I_(e,T)=kZE_(e)^(2),\mathrm{I}_{\mathrm{e}, \mathrm{~T}}=k Z \mathrm{E}_{\mathrm{e}}^{2},
where kk is a constant and E_(e)E_{e} is the initial electron energy. The fraction, ff, of the initial electron energy that is converted to x rays is 其中 kk 是常數, E_(e)E_{e} 是初始電子能量。轉換成 X 射線的初始電子能量的分數 ff 為
f=(I_(e,T))/(E_(e))=kZE_(e)f=\frac{I_{e, T}}{E_{e}}=k Z E_{e}
The value of k prop(0.7+-0.2)xx10^(-6)k \propto(0.7 \pm 0.2) \times 10^{-6} for E_(e)E_{e} in keV. Thus for 10w-Z10 \mathrm{w}-\mathrm{Z} materials and E_(e)=<500keV,f≃1-2%E_{\mathrm{e}}=<500 \mathrm{keV}, \mathrm{f} \simeq 1-2 \%. Nevertheless, this small conversion to bremsstrahlung (the rest of the electron energy is lost by ionizationat these low electron energies) can result in a substantial radiation exposure rate. 對於 E_(e)E_{e} 的 k prop(0.7+-0.2)xx10^(-6)k \propto(0.7 \pm 0.2) \times 10^{-6} 值,單位為 keV。因此,對於 10w-Z10 \mathrm{w}-\mathrm{Z} 材料和 E_(e)=<500keV,f≃1-2%E_{\mathrm{e}}=<500 \mathrm{keV}, \mathrm{f} \simeq 1-2 \% 。儘管如此,這一小部分轉換為轫致辐射(其餘的電子能量會在這些低電子能量時因電離而損失),就會造成相當大的輻射暴露率。

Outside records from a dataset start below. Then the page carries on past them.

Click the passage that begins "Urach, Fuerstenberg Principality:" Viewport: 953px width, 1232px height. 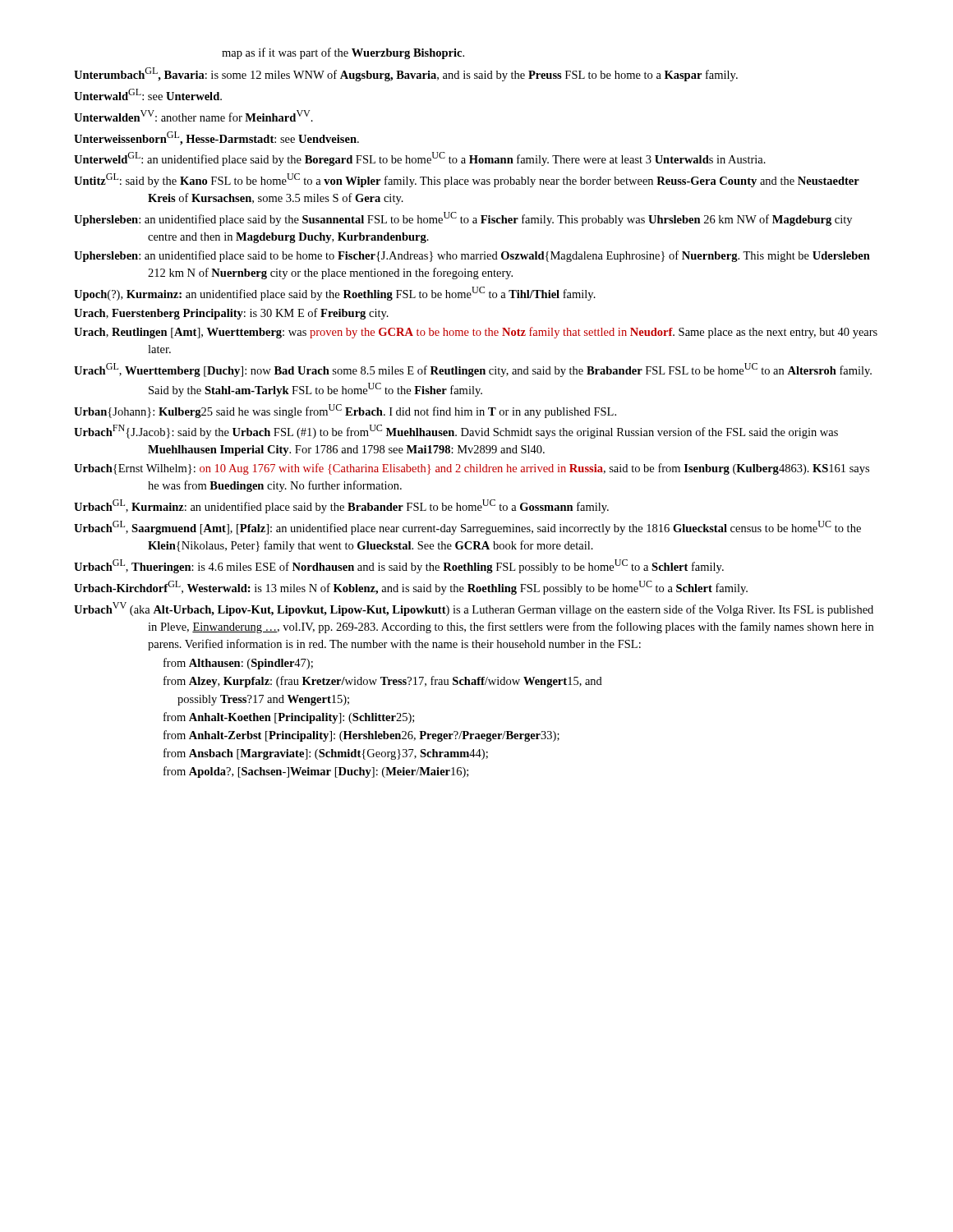(x=231, y=313)
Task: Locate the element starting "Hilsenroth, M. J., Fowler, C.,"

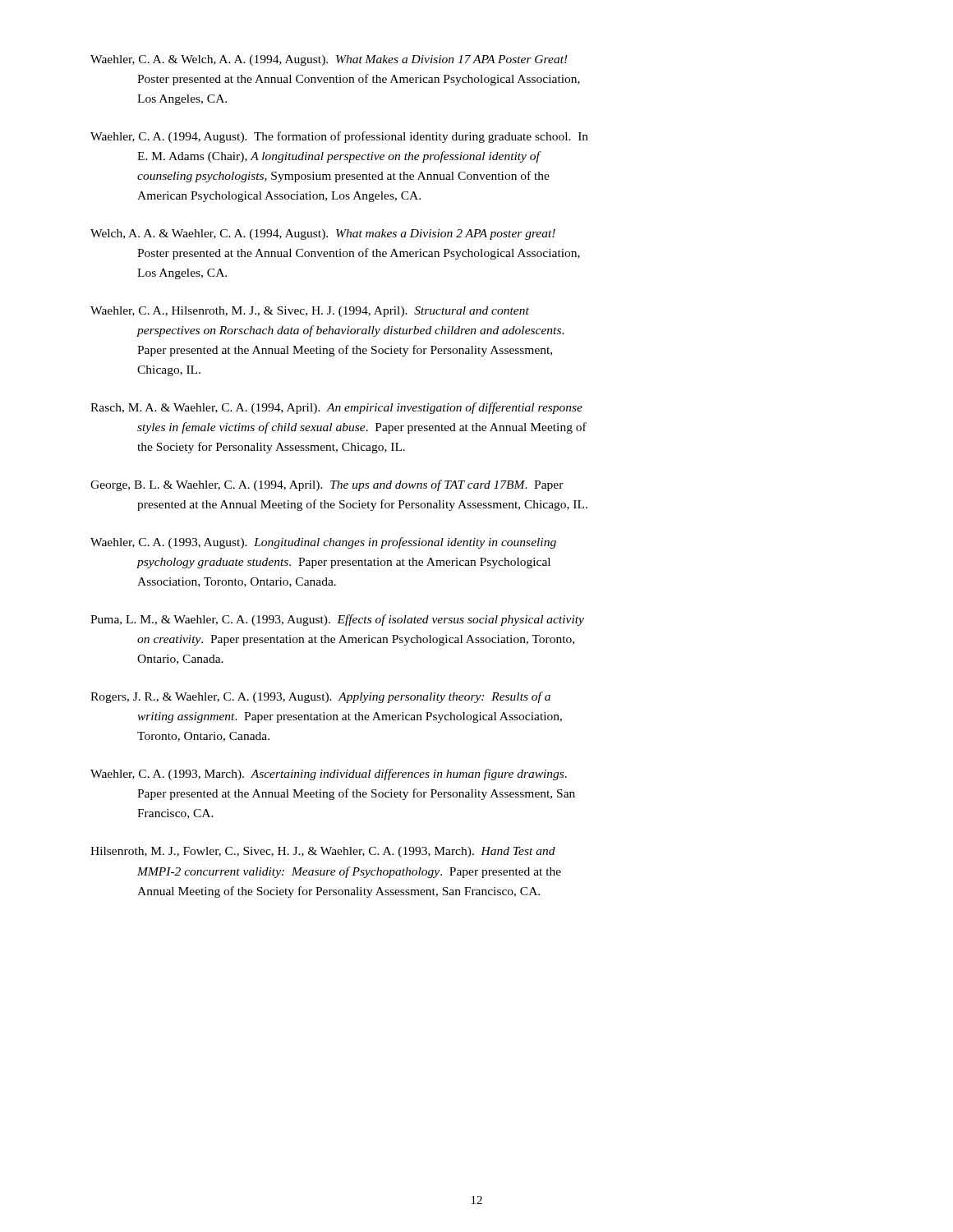Action: [x=476, y=871]
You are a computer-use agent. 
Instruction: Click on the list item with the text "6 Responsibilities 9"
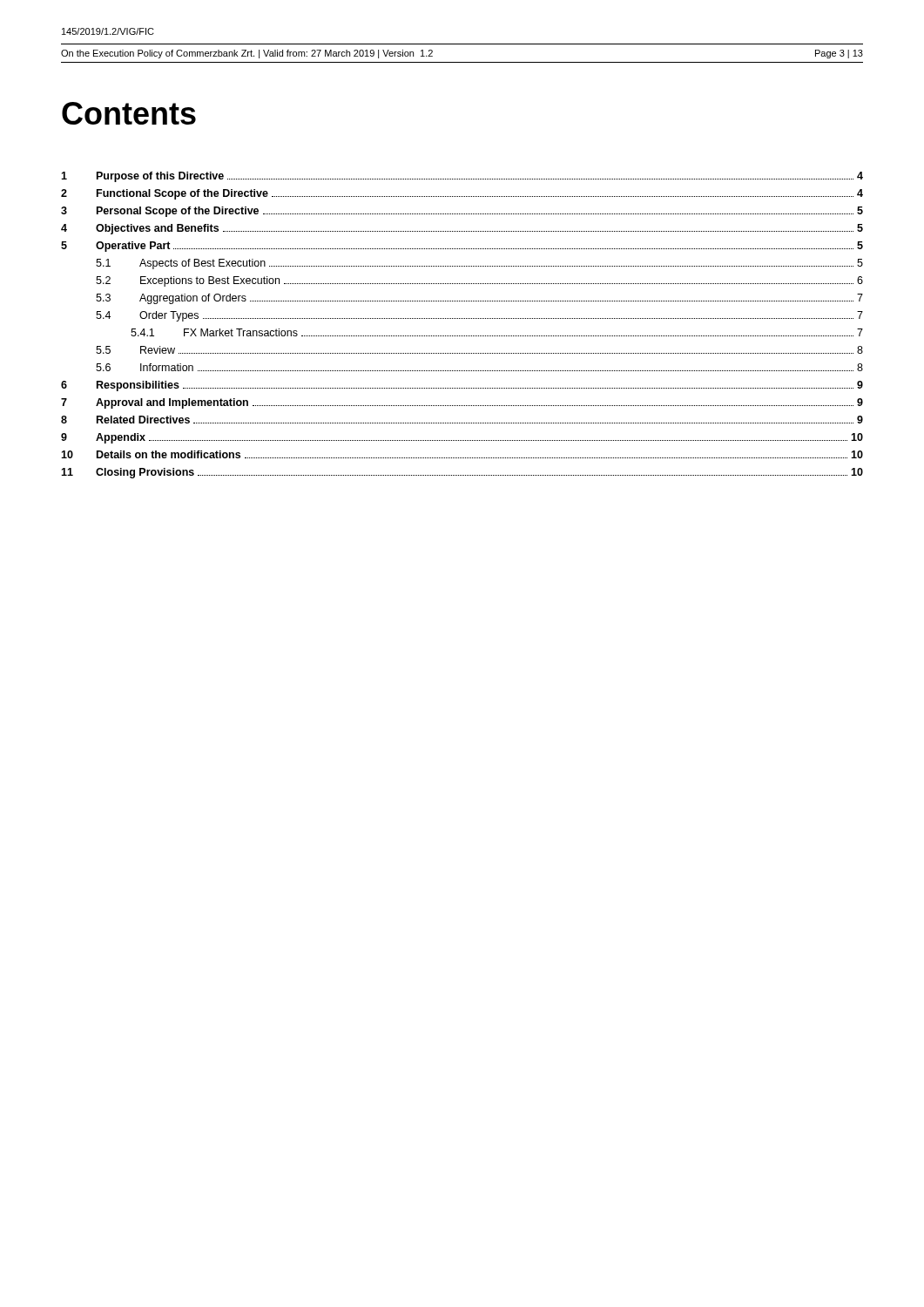462,385

Finally, the total power, P_(T)P_{T}, (intensity/unit time) is obtained by multiplying by the electron flow per unit time, tt, i.e., the electron current, as 最後,將總功率 P_(T)P_{T} (強度/單位時間)乘以單位時間內的電子流量 tt ,即電子電流,可得到如下結果
P_(T)=(I_(e,T))/(t)=k_(1)ZE_(e)^(2_(i))P_{T}=\frac{I_{e, T}}{t}=k_{1} Z E_{e}^{2_{i}}
where i\mathbf{i} is the electron current. The total power is proportional to i and E_(e)^(2)\mathrm{E}_{\mathrm{e}}^{2}. Thus, the x -ray exposure rate (directly related to P_(T)\mathrm{P}_{\mathrm{T}} ) can be reduced by using low-Z materials, by keeping the electron current low, and especially by maintaining as low an electron energy as possible. 其中 i\mathbf{i} 是電子電流。總功率與 i 和 E_(e)^(2)\mathrm{E}_{\mathrm{e}}^{2} 成正比。因此,X 射線曝光率(與 P_(T)\mathrm{P}_{\mathrm{T}} 直接相關)可通過使用低 Z 材料、保持低電子電流,尤其是保持盡可能低的電子能量來降低。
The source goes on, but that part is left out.